Items from a data source
[Start of section]
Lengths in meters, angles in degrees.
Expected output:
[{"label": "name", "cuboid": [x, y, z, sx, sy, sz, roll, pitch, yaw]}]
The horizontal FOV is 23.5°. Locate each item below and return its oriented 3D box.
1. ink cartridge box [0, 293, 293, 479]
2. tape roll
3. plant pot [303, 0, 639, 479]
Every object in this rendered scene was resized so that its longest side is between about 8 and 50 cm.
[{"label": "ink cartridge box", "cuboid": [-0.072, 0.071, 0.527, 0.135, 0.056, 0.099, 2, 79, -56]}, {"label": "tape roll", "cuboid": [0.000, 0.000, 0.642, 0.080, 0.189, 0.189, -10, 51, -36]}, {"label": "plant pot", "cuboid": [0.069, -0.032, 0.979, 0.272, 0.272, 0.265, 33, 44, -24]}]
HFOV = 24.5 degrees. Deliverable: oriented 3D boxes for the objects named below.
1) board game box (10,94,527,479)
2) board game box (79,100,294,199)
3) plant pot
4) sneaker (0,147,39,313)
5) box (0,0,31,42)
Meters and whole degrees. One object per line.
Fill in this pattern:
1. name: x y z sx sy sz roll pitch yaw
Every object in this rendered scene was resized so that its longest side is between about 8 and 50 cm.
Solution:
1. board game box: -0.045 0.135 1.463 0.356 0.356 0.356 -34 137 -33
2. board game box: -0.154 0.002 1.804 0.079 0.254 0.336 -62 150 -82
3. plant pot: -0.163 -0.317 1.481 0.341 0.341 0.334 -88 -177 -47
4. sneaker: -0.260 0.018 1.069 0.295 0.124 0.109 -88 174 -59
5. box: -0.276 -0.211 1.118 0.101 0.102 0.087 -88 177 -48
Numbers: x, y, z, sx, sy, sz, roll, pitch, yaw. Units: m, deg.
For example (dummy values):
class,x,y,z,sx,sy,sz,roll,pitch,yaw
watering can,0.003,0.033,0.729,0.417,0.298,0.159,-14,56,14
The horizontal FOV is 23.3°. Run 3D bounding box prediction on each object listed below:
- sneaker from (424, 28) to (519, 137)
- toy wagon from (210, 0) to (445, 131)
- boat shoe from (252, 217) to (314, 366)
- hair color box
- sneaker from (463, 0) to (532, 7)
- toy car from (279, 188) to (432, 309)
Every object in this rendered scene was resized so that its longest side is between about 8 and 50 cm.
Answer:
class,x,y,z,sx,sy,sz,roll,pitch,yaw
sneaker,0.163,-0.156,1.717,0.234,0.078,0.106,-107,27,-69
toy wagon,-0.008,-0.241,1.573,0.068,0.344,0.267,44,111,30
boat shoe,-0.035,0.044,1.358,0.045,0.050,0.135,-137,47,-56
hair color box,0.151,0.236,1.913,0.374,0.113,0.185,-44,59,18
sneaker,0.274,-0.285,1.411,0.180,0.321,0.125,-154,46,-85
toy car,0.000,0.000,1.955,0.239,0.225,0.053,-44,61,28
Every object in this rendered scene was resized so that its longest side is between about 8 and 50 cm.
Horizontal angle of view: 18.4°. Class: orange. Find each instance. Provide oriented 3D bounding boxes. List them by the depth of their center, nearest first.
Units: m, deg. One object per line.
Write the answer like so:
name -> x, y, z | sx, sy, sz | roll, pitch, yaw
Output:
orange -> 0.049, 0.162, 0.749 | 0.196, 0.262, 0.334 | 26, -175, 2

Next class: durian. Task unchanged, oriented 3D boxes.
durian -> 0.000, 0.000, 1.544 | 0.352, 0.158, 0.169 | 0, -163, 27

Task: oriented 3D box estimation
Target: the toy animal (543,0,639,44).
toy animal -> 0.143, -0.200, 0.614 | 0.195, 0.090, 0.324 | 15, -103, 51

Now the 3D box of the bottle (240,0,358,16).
[End of section]
■ Work to complete ■
Every record must be given again exactly as it was written.

■ Answer to the exercise ■
Lengths in meters, angles in degrees.
Expected output:
[{"label": "name", "cuboid": [x, y, z, sx, sy, sz, roll, pitch, yaw]}]
The horizontal FOV is 23.5°. Locate each item below and return its oriented 3D box.
1. ink cartridge box [0, 293, 293, 479]
2. tape roll
3. plant pot [303, 0, 639, 479]
Every object in this rendered scene was resized so that its longest side is between about 8 and 50 cm.
[{"label": "ink cartridge box", "cuboid": [-0.072, 0.071, 0.527, 0.135, 0.056, 0.099, 2, 79, -56]}, {"label": "tape roll", "cuboid": [0.000, 0.000, 0.642, 0.080, 0.189, 0.189, -10, 51, -36]}, {"label": "plant pot", "cuboid": [0.069, -0.032, 0.979, 0.272, 0.272, 0.265, 33, 44, -24]}]
HFOV = 24.5 degrees. Deliverable: oriented 3D boxes for the objects named below.
1) board game box (10,94,527,479)
2) board game box (79,100,294,199)
3) plant pot
4) sneaker (0,147,39,313)
5) box (0,0,31,42)
Meters and whole degrees. One object per line.
Fill in this pattern:
1. name: x y z sx sy sz roll pitch yaw
Every object in this rendered scene was resized so that its longest side is between about 8 and 50 cm.
Solution:
1. board game box: -0.045 0.135 1.463 0.356 0.356 0.356 -34 137 -33
2. board game box: -0.154 0.002 1.804 0.079 0.254 0.336 -62 150 -82
3. plant pot: -0.163 -0.317 1.481 0.341 0.341 0.334 -88 -177 -47
4. sneaker: -0.260 0.018 1.069 0.295 0.124 0.109 -88 174 -59
5. box: -0.276 -0.211 1.118 0.101 0.102 0.087 -88 177 -48
Numbers: x, y, z, sx, sy, sz, roll, pitch, yaw. Units: m, deg.
For example (dummy values):
class,x,y,z,sx,sy,sz,roll,pitch,yaw
watering can,0.003,0.033,0.729,0.417,0.298,0.159,-14,56,14
The horizontal FOV is 23.3°. Run 3D bounding box prediction on each object listed below:
- sneaker from (424, 28) to (519, 137)
- toy wagon from (210, 0) to (445, 131)
- boat shoe from (252, 217) to (314, 366)
- hair color box
- sneaker from (463, 0) to (532, 7)
- toy car from (279, 188) to (432, 309)
Every object in this rendered scene was resized so that its longest side is between about 8 and 50 cm.
Answer:
class,x,y,z,sx,sy,sz,roll,pitch,yaw
sneaker,0.163,-0.156,1.717,0.234,0.078,0.106,-107,27,-69
toy wagon,-0.008,-0.241,1.573,0.068,0.344,0.267,44,111,30
boat shoe,-0.035,0.044,1.358,0.045,0.050,0.135,-137,47,-56
hair color box,0.151,0.236,1.913,0.374,0.113,0.185,-44,59,18
sneaker,0.274,-0.285,1.411,0.180,0.321,0.125,-154,46,-85
toy car,0.000,0.000,1.955,0.239,0.225,0.053,-44,61,28
Every object in this rendered scene was resized so that its longest side is between about 8 and 50 cm.
Horizontal angle of view: 18.4°. Class: orange. Find each instance. Provide oriented 3D bounding boxes. List them by the depth of their center, nearest first.
Units: m, deg. One object per line.
Write the answer like so:
name -> x, y, z | sx, sy, sz | roll, pitch, yaw
Output:
orange -> 0.049, 0.162, 0.749 | 0.196, 0.262, 0.334 | 26, -175, 2

Next class: durian. Task unchanged, oriented 3D boxes.
durian -> 0.000, 0.000, 1.544 | 0.352, 0.158, 0.169 | 0, -163, 27

Task: oriented 3D box estimation
Target: the toy animal (543,0,639,44).
toy animal -> 0.143, -0.200, 0.614 | 0.195, 0.090, 0.324 | 15, -103, 51

Now the 3D box of the bottle (240,0,358,16).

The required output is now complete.